* Your objective:
Show all lines from the data that include the word "percussion".

Stored items from a collection:

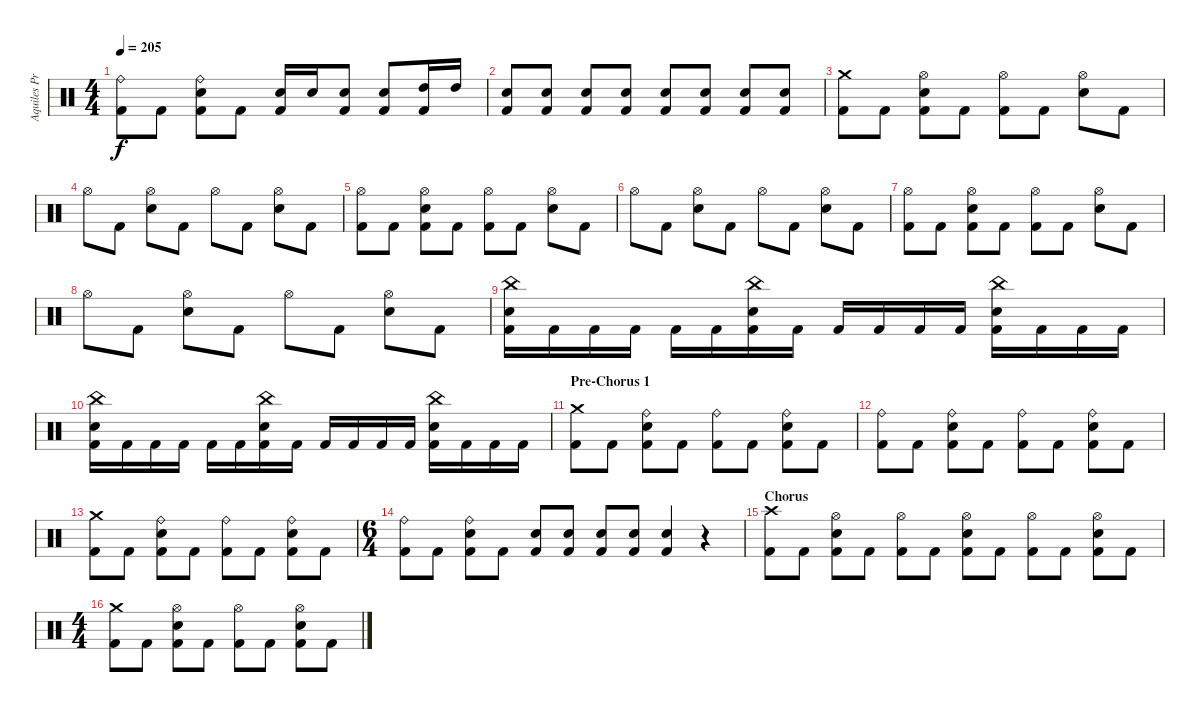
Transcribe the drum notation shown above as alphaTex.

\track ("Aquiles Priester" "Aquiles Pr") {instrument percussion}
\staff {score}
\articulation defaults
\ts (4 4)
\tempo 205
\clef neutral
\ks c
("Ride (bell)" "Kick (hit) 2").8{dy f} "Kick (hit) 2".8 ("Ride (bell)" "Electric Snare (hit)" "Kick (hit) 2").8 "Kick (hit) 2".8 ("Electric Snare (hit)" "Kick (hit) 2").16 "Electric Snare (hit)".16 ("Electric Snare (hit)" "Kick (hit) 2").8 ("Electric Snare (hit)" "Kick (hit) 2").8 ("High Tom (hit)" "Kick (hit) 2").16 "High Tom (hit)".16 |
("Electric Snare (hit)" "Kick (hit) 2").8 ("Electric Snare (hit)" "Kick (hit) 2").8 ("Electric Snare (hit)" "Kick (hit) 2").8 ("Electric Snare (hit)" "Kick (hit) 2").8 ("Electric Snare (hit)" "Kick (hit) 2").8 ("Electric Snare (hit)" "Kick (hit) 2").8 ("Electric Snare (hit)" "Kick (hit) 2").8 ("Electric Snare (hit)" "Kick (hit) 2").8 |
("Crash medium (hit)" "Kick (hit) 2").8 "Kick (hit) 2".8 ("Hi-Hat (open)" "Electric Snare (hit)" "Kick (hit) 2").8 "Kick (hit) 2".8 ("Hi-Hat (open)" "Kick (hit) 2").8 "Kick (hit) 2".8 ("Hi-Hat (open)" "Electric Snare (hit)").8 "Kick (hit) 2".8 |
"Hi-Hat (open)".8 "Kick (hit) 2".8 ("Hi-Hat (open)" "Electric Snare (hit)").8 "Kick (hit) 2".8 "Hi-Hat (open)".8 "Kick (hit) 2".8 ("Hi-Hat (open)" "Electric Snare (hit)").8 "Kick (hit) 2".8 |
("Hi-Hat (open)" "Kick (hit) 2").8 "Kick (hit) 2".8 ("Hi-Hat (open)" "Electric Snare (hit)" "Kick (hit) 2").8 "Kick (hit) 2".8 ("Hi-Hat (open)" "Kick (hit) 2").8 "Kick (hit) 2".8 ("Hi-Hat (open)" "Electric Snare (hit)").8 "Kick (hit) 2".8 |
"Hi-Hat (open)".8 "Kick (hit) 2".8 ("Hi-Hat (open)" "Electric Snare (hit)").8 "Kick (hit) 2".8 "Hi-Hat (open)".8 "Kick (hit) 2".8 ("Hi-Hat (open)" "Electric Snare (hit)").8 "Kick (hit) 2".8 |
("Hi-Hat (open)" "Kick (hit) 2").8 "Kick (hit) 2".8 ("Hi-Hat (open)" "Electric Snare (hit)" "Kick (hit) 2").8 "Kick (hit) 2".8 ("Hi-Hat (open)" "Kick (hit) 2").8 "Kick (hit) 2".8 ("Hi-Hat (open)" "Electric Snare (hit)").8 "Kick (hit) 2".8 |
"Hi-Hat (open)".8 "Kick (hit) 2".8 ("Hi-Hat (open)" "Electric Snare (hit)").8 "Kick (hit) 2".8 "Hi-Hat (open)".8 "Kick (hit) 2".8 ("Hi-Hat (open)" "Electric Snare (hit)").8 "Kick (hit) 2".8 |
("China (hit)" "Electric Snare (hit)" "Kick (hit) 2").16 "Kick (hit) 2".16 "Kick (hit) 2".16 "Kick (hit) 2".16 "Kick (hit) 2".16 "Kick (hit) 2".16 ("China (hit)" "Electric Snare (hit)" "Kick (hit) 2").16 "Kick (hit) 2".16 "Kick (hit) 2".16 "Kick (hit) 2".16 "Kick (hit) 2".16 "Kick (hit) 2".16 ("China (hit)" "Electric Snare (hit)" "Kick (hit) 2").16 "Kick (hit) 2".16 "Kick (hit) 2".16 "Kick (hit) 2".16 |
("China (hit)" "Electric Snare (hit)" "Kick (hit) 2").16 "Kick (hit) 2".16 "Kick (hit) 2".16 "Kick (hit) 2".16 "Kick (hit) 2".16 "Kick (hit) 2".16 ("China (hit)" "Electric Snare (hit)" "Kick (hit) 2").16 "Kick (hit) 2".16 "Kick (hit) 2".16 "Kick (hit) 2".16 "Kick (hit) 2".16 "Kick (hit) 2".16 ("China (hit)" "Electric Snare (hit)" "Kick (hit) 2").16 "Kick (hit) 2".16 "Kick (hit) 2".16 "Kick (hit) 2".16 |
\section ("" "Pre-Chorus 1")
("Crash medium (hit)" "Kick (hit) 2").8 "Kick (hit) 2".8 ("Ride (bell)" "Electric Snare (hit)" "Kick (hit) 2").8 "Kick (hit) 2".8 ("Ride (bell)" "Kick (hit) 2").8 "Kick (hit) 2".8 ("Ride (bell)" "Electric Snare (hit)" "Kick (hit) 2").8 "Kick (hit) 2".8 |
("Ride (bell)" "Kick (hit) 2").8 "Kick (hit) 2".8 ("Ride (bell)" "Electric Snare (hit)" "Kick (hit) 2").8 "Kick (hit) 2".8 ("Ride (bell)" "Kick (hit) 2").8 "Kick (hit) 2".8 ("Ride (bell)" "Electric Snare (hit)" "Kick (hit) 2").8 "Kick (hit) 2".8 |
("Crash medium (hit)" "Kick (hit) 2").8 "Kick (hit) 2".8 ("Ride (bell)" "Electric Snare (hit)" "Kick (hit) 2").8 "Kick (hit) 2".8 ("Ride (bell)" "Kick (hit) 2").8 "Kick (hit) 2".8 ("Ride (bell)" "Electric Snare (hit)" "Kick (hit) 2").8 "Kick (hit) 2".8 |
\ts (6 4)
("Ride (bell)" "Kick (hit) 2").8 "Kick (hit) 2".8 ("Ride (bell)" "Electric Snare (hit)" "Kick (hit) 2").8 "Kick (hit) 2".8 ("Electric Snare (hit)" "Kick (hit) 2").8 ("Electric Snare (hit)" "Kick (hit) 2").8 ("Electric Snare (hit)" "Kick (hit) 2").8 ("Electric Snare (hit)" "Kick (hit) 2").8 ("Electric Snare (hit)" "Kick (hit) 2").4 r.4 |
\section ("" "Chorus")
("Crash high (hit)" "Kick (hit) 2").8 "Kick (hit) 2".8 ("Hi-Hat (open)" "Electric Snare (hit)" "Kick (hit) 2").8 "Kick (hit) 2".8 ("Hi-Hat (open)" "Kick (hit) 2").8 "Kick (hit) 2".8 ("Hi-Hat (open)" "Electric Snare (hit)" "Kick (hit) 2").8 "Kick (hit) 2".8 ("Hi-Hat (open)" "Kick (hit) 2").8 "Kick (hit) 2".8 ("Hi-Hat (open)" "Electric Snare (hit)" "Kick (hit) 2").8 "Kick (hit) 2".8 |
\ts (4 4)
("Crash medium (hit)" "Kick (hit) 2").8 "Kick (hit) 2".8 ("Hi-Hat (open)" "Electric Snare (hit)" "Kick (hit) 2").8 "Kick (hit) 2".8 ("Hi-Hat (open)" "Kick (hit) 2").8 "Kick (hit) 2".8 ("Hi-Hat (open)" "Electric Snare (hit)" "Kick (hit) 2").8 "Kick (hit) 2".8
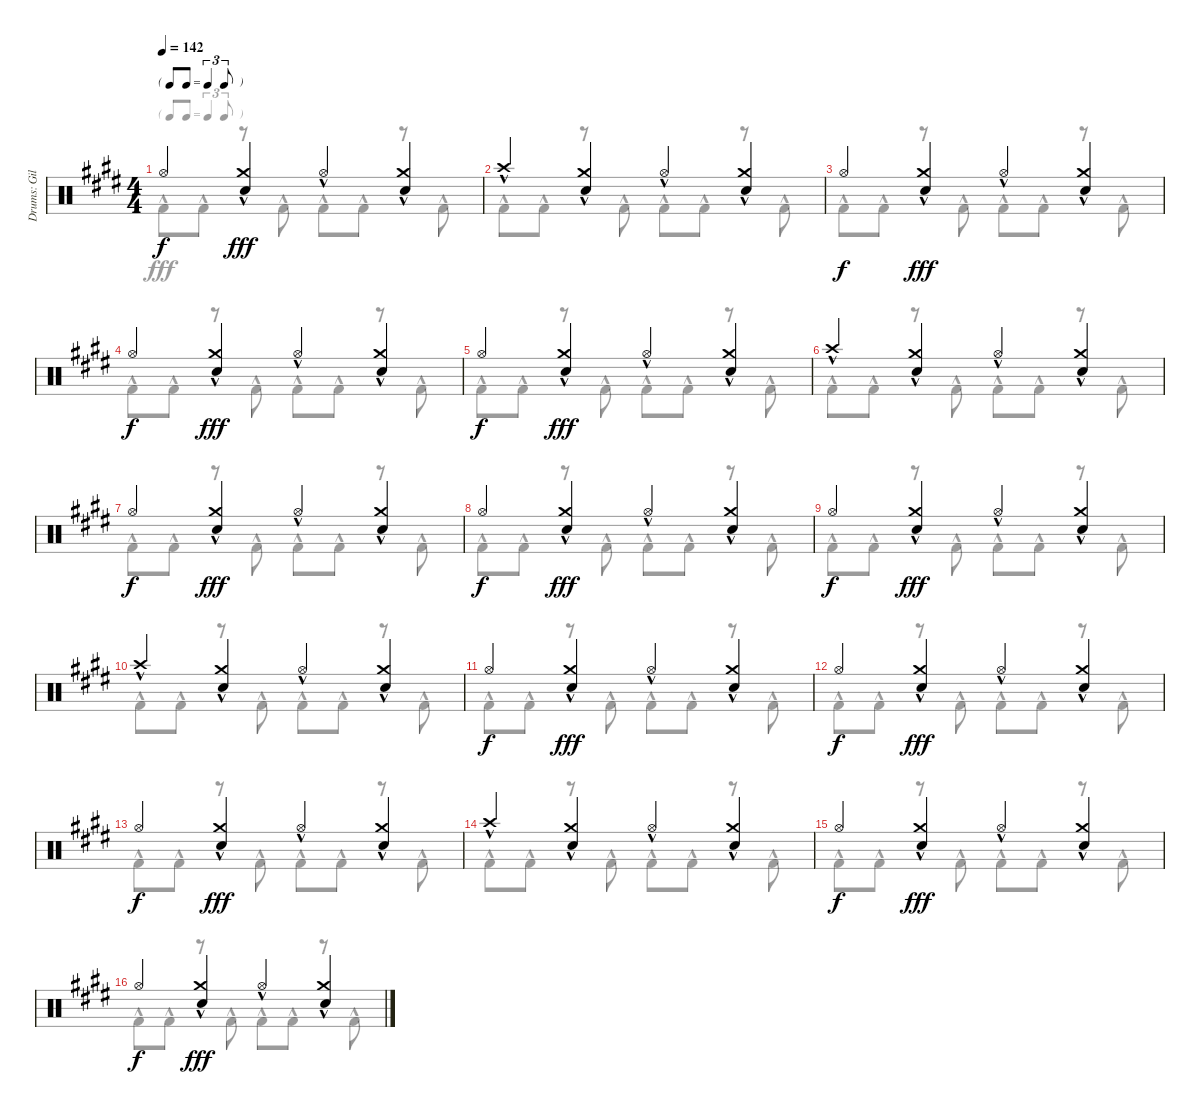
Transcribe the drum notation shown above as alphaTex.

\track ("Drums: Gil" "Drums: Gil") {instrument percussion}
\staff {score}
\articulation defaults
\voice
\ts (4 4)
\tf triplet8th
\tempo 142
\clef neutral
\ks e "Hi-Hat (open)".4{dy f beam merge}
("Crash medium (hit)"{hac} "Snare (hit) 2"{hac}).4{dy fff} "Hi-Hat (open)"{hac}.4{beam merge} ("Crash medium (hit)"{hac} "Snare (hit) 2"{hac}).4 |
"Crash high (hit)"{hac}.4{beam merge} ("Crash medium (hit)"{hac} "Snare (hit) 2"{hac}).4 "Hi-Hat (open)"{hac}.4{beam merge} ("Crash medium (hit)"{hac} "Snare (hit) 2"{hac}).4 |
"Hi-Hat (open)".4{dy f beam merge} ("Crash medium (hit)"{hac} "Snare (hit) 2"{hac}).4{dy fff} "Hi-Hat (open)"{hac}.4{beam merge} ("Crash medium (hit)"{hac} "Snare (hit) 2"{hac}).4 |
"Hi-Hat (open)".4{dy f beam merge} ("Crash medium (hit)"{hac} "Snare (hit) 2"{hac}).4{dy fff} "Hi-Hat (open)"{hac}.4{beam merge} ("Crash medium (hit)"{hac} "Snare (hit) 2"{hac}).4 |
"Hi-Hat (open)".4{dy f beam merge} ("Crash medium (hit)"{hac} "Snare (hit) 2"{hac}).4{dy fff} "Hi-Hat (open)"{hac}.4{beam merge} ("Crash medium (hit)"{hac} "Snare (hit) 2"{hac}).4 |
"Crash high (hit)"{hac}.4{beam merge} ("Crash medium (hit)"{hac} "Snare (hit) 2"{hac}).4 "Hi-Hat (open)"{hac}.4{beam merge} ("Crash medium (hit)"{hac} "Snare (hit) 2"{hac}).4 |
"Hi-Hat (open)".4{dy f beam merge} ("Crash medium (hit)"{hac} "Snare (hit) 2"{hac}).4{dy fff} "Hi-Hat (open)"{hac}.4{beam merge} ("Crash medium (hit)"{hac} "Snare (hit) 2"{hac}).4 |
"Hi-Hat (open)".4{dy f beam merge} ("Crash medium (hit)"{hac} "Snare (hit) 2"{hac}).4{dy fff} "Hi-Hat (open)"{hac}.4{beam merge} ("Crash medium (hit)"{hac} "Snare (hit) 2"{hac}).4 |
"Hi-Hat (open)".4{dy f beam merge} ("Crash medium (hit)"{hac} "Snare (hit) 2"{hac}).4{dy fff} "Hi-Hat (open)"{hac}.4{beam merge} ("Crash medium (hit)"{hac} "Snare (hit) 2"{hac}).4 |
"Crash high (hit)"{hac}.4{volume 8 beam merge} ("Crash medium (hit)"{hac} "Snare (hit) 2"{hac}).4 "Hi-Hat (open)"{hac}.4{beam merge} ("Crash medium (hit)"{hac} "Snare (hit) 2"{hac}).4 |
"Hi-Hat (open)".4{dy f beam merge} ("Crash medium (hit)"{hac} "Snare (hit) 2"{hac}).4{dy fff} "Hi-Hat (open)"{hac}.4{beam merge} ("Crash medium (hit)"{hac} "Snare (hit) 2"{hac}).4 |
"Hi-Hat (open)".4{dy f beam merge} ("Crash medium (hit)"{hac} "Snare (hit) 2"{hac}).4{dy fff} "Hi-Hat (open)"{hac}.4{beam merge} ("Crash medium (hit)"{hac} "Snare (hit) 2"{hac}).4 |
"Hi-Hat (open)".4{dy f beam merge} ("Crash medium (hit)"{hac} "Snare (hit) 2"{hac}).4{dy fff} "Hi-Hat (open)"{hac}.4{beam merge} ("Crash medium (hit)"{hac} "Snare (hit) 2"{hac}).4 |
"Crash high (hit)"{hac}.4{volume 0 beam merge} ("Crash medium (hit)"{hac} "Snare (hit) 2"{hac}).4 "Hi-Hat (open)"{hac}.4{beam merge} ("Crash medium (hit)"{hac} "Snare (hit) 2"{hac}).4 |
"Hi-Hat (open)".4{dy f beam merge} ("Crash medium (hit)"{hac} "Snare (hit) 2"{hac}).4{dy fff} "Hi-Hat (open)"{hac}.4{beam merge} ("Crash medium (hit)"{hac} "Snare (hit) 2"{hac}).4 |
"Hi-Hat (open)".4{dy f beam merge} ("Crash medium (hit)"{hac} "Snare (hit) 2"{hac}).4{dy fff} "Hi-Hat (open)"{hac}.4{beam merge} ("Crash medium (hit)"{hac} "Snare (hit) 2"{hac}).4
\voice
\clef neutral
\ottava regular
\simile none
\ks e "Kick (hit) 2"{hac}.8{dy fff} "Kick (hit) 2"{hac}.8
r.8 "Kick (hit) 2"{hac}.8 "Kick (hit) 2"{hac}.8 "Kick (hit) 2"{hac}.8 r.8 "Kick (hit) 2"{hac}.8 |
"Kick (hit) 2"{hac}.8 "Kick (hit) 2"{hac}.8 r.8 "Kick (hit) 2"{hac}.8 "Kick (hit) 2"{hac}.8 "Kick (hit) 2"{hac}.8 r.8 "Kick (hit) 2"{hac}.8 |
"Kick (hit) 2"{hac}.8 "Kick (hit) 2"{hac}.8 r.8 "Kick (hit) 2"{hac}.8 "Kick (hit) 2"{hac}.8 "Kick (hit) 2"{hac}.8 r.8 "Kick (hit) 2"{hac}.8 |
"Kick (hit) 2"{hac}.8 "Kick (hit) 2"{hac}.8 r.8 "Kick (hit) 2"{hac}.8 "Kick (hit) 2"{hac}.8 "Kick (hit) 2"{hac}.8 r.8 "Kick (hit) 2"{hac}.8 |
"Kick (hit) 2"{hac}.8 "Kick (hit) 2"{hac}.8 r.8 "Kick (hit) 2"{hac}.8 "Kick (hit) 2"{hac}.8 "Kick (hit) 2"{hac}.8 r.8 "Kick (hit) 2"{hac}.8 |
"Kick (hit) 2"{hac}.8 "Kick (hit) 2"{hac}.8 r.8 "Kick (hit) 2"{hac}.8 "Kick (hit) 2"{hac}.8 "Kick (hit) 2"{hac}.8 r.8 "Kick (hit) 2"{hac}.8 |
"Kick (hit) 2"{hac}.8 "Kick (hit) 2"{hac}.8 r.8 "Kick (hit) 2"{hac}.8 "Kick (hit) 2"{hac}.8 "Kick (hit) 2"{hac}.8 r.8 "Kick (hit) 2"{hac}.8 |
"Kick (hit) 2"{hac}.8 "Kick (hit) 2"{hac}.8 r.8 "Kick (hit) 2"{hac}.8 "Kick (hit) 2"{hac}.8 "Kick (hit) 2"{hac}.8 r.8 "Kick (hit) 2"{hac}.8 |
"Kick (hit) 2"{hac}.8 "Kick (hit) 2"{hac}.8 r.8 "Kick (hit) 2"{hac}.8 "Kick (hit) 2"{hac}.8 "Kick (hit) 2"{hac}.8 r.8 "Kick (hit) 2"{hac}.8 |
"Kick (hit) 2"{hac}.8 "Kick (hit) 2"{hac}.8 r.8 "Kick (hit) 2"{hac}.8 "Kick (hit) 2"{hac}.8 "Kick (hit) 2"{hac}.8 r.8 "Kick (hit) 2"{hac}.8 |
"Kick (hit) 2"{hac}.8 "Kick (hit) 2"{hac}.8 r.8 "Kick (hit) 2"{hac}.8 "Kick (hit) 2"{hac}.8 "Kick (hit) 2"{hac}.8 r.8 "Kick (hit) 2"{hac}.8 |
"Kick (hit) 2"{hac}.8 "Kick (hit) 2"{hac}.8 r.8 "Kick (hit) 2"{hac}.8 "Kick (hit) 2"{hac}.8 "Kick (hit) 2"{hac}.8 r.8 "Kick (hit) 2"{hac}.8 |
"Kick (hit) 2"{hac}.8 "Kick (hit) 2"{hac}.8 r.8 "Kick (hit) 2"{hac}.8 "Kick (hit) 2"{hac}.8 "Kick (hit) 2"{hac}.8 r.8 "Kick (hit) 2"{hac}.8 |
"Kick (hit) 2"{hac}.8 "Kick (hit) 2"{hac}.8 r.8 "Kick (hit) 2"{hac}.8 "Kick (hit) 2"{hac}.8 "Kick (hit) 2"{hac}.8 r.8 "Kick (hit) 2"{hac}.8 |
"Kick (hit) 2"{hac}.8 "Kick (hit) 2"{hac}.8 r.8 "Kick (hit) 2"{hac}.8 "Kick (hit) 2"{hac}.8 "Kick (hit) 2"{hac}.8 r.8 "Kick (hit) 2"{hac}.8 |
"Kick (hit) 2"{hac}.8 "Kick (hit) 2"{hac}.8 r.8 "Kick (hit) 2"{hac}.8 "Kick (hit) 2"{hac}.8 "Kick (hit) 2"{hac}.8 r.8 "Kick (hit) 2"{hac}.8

* Expected answer:
\track ("Aquiles Priester" "Aquiles Pr") {instrument percussion}
\track ("Drums: Gil" "Drums: Gil") {instrument percussion}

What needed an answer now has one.